Вернулся домой — поработать, пока не пришел Ким, чтобы отправиться со мной в «Колизей» на премьеру «Богемы». Позвонила Элен Аткинсон-Вуд[96], спросила, не могу ли я начитать что-нибудь на кассету для юноши, друга ее семьи. Он покалечился, слетев с велосипеда, сейчас в коме. Оказывается, он большой поклонник «Черной Гадюки». Сказала, я могу читать что угодно. И естественно, я обнаружил, что никаких приспособлений для записи у меня здесь нет.
Появился Ким — выглядит хорошо, элегантно, — и мы повлачились на Сент-Мартинз-лейн. Какое разочарование! Постановка ужасная, просто ужасная. Стивен Пимлотт поработал. Управление хором отвратительное, никаких пауз; Ким разозлился, он считает, что это разваливает всю структуру оперы. Он разбирается в таких делах лучше меня, поэтому я поверил ему на слово: без пауз спектакль получился коротким. С другой стороны, я всегда считал эту оперу структурным месивом. Кошмарный Родольфо, едва слышный за оркестром, да и по-английски вещь звучит безобразно. При этом под конец я плакал, как дитя, да и кто бы не заплакал? Видел в театре Мелвина Брэгга{103}: он сбросил около тонны веса и в результате постарел лет на двадцать. Прежняя пухловатость сообщала его облику нечто мальчишеское, почти херувимское, чем он и славился. Присутствовали также Джереми Исаакс[97], Энн Форд, Фрэнк Джонсон и медиахеды в ассортименте. Из театра мы с Кимом пошли в «Плющ». Видели там Гаролда и Антонию, Майка Оккрента (также постаревшего из-за потери веса)[98] и Тима Райса, по счастью, сохранившего прежний вес.

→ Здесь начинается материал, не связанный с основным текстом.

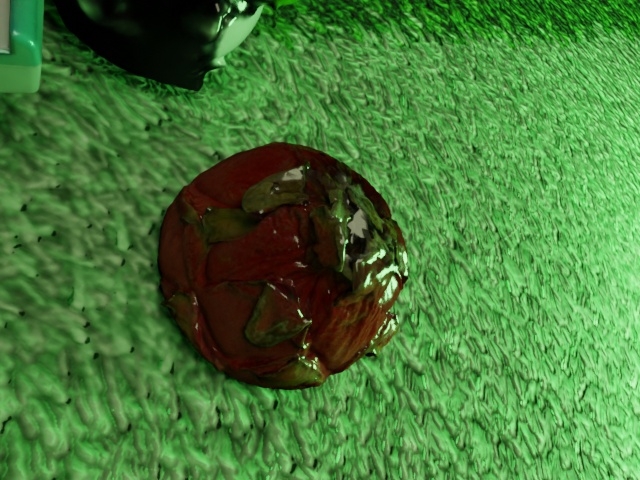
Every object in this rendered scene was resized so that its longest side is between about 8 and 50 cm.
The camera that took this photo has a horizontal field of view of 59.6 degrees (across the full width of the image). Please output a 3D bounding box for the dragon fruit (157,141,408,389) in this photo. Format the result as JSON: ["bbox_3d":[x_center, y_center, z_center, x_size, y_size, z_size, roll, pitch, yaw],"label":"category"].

Домой вернулся как раз ко времени сна.
Сегодня Сью Фристоун! Какое присутствие духа. Последние проверки, распечатка. Она прочла половину, затем мы отправились в «Гринз» проглотить наскоро по паре устриц. Вернулись, чтобы она дочитала до конца. Ей, похоже, понравилось чрезвычайно. Большое облегчение. Замечаний практически никаких. Я поуламывал ее насчет заглавия «Поэзия других», похоже, она начинает склоняться к нему.
В 5.00 поскакал к Лори, чтобы еще раз проинспектировать Ребекку и доставить им мой ингалятор, который Джо и Хью лучше иметь под рукой — учитывая недавнее воспаление легких Джо. Остался на ужин и на «Крепкий орешек 2».
Огорчительное утро — бродил туда-сюда по Риджент-стрит и Мэйфер в поисках магнитофона. Вышел из себя, когда пятеро, не то шестеро продавцов «Уоллес-Хитон» на Бонд-стрит меня попросту проигнорировали. Шум поднимать было нельзя, поскольку они решили бы, что я разобиделся из-за того, «кто я». В конце концов дошел до Оксфорд-стрит, 76, и получил там «Профессиональный Уолкмен “Сони”». Записал для юноши в коме монолог Мелчетта, распечатал для моего лит. агента Энтони Гоффа готовую часть романа и вызвал такси, чтобы отправить пленку и манускрипт. Энтони сказал по телефону, что Сью поет о пока что сделанном мной восторженные песни. НЕ ПОЗВОЛЯЙ ЭТОМУ ОТВЛЕКАТЬ ТЕБЯ, СОСРЕДОТОЧЬСЯ.